While the paper presented a positive outcome, the authors did warn of several limitations. For example, their analysis depended on inventors seeking patents to be included in the sample. They also suggested that their method needs to be applied to other industries for testing.



Habermas and Castells

Jurgen Habermas defined the public sphere as a separate space where informed people debate social and political issues, form public opinion, and influence the state and society. In a democratic society, the public sphere ideally allows for everyone to have access to information and be able to participate equally in discussions. His vision allows for an open public sphere, although the reality might constrain participation for certain segments of society who may not have enough ability or resources. In the past, this became evident in the dominance of the bourgeoisie who came to salons and coffeehouses to discuss societal issues, which largely excluded the working class and sometimes women.

Manuel Castells declared that society has moved from the Industrial Revolution (production of material goods) to the Information Age (knowledge economy). The network society has been enabled by current technologies (such as smartphones and internet). Communication is based on an open structure network, which breaks down some of the traditional social hierarchies and national borders because information flows almost anywhere (China’s state censorship might be a notable exception). Different participants might have different value within the network, such as highly connected individuals.

Castell’s theory operates within the idea of the public sphere by somewhat eliminating time and space. Electronic communication is instantaneous and possible with anyone across the world. It also could used to communicate with individuals or communities, which could known or unknown. However, his perception of “timeless time” may seem like digital networks allow for disruption of the flow of linear time, but I would argue that multi-tasking is not new or unique to the digital age. Time even may gain linear importance in terms of “keeping up” with the latest news and trends. For Twitter, a single tweet might get lost among 6,000 tweets a second if a user doesn’t have many followers (network connectedness) or a particular hashtag isn’t trending.  In addition, network theory is compatible with traditional local and in-person networks.

The major effect from the network society has been increased participation and access to information. Want a graduate degree? Take online classes. The federal government has piloted public participation in coding through Github. Politicians get fewer letters and phone calls from constituents, but more emails and contacts from social media. The flow of digital information has increased from a river to a flood, which may be the greatest downside to the digital revolution.  Now someone might be able to search online for health symptoms and get hundreds of possibilities from various websites. Dr. Google will present mild possibilities from the common cold to deadly illnesses along with suggestions for folk remedies. Which source do you trust: the Mayo Clinic (based on their brick-and-mortar reputation) or the Wellness Mama blogger?

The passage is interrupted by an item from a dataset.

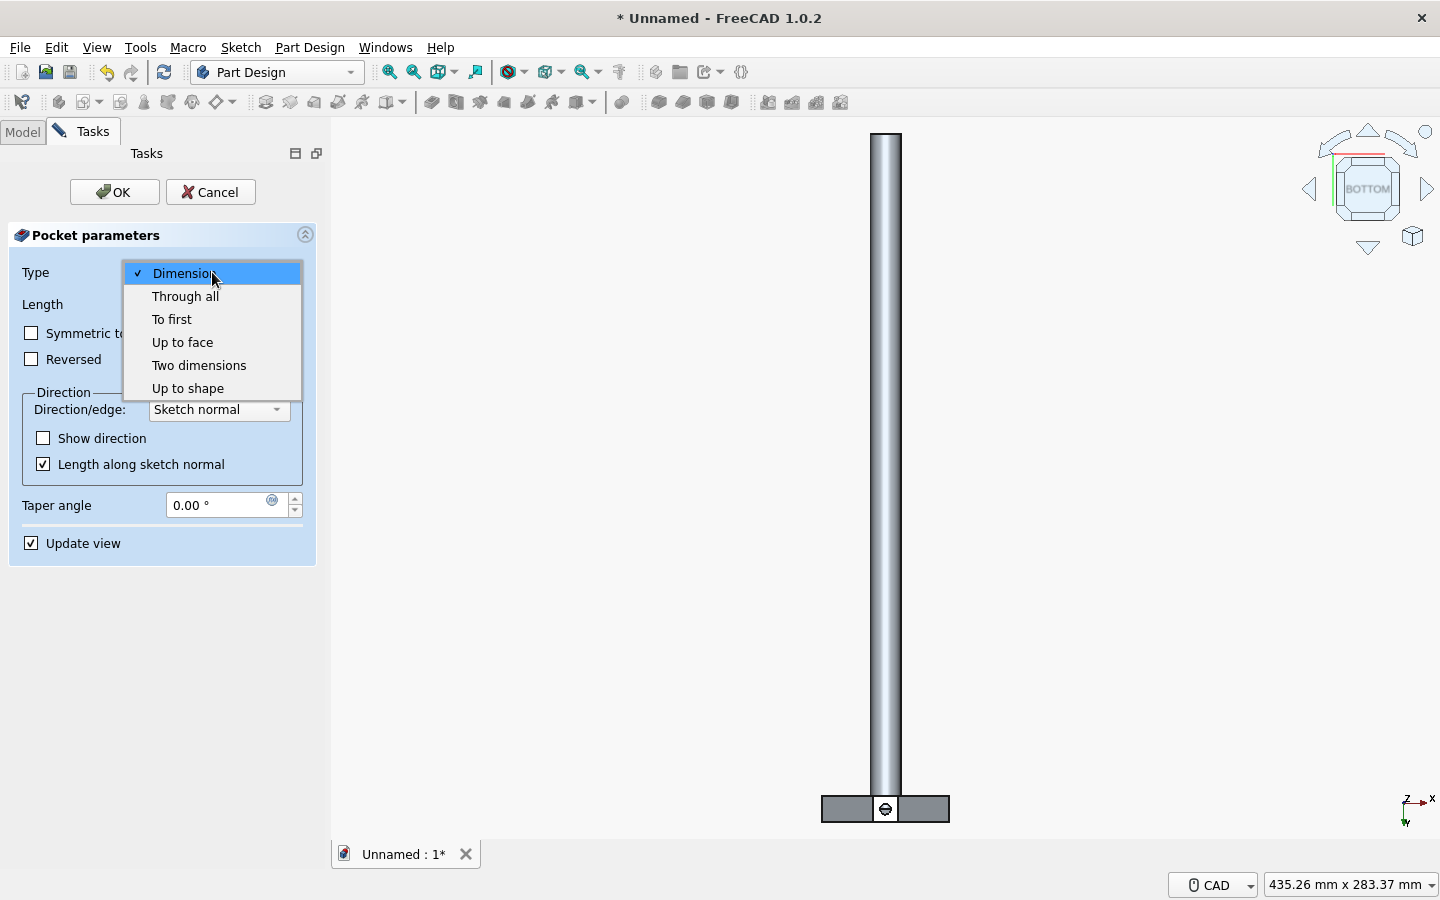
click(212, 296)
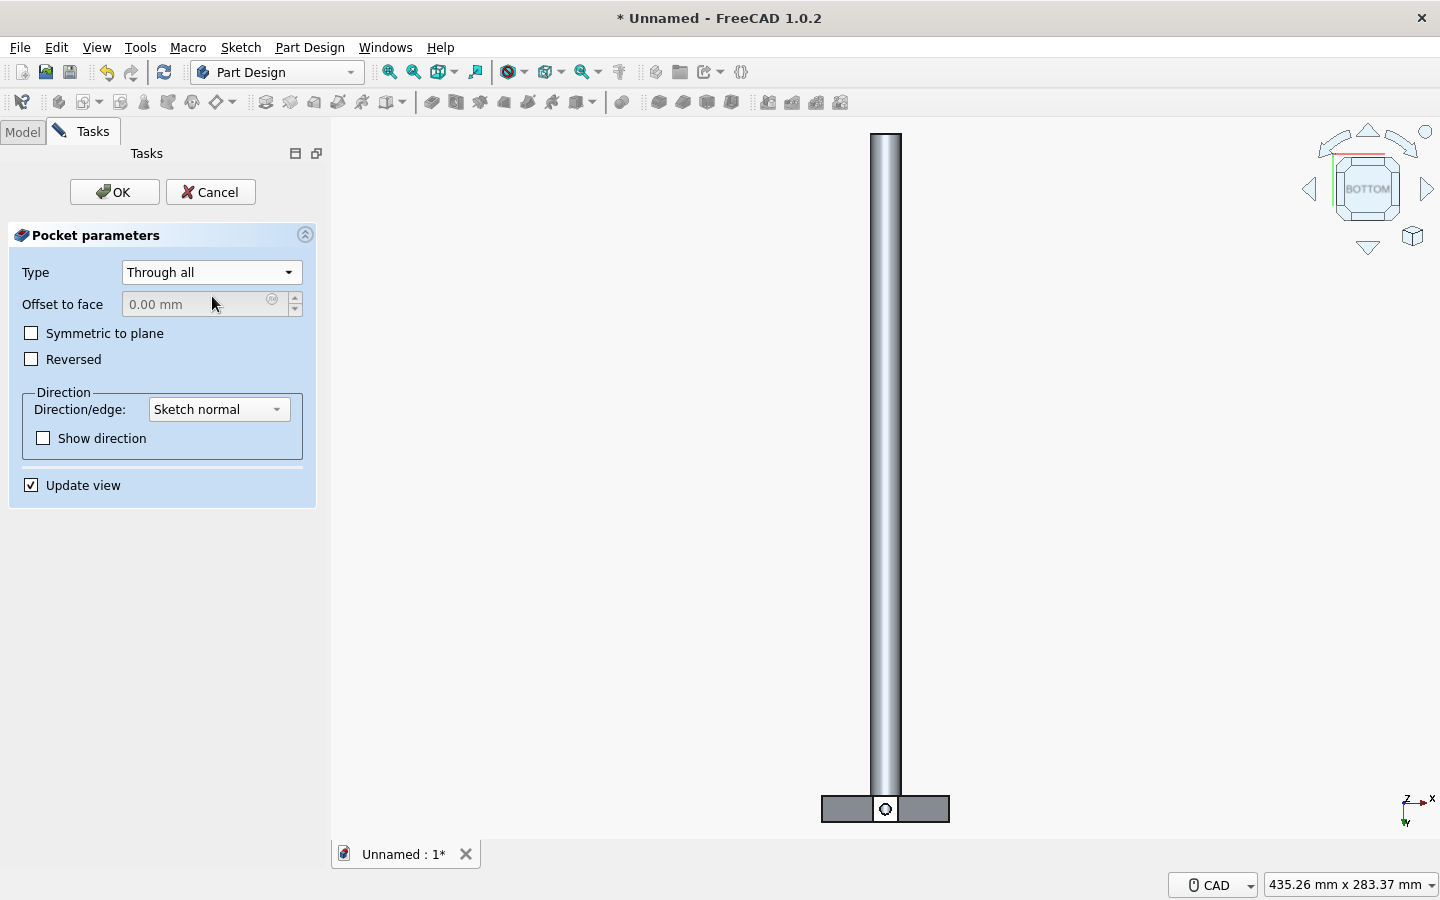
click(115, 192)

Castell is onto something that others have suggested: the form of the media matters. Habermas appears mostly concerned about the ability of the mass media to inform the public sphere and act as a good intermediary. Marshall McLuhan (infographic below) also argues that the medium fundamentally affects our ability to communicate. For example, the “tribal era” is characterized by an oral tradition of memorization and listening to storytelling, which is limited to a local community. The print era allows for the dissemination of more materials, but actually limits communication to a one-way exchange of ideas (from print to reader). Television expands the capability of the print era in being able to reach an even larger audience with only slightly more interaction than print (such as telephone interviews or arranging live appearances). The digital age finally expands the ability for participation: either one to one, one to many, or many to many. This is the root cause of why the digital age seems so remarkable to Castell.